What the exercise asks:
Filter the entries below, keeping only lines with the word "lists".

Data:
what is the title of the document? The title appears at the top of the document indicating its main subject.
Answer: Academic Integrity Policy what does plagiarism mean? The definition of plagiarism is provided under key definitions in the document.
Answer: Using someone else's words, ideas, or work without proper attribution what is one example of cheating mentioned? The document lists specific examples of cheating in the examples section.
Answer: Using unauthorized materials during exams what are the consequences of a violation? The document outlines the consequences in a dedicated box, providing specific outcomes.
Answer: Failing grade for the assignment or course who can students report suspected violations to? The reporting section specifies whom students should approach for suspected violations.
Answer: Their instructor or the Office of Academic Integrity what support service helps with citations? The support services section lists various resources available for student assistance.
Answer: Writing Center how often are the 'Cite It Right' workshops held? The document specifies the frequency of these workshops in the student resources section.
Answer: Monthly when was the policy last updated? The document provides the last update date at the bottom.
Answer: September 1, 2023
...
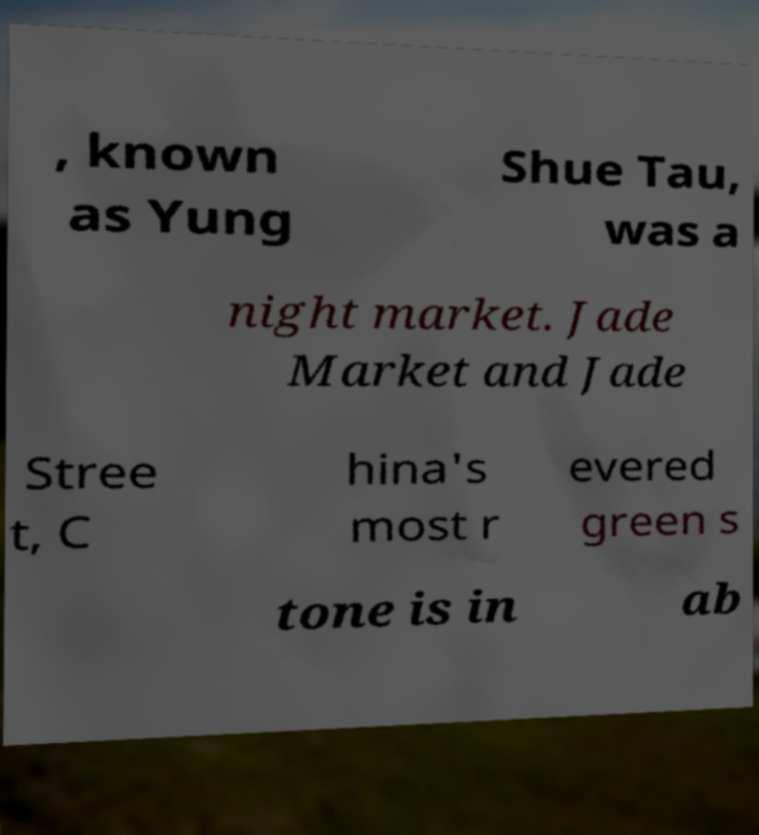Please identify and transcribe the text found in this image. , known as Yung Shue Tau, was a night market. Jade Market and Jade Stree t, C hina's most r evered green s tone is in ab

Solution to this task:
Answer: Using someone else's words, ideas, or work without proper attribution what is one example of cheating mentioned? The document lists specific examples of cheating in the examples section.
Answer: Their instructor or the Office of Academic Integrity what support service helps with citations? The support services section lists various resources available for student assistance.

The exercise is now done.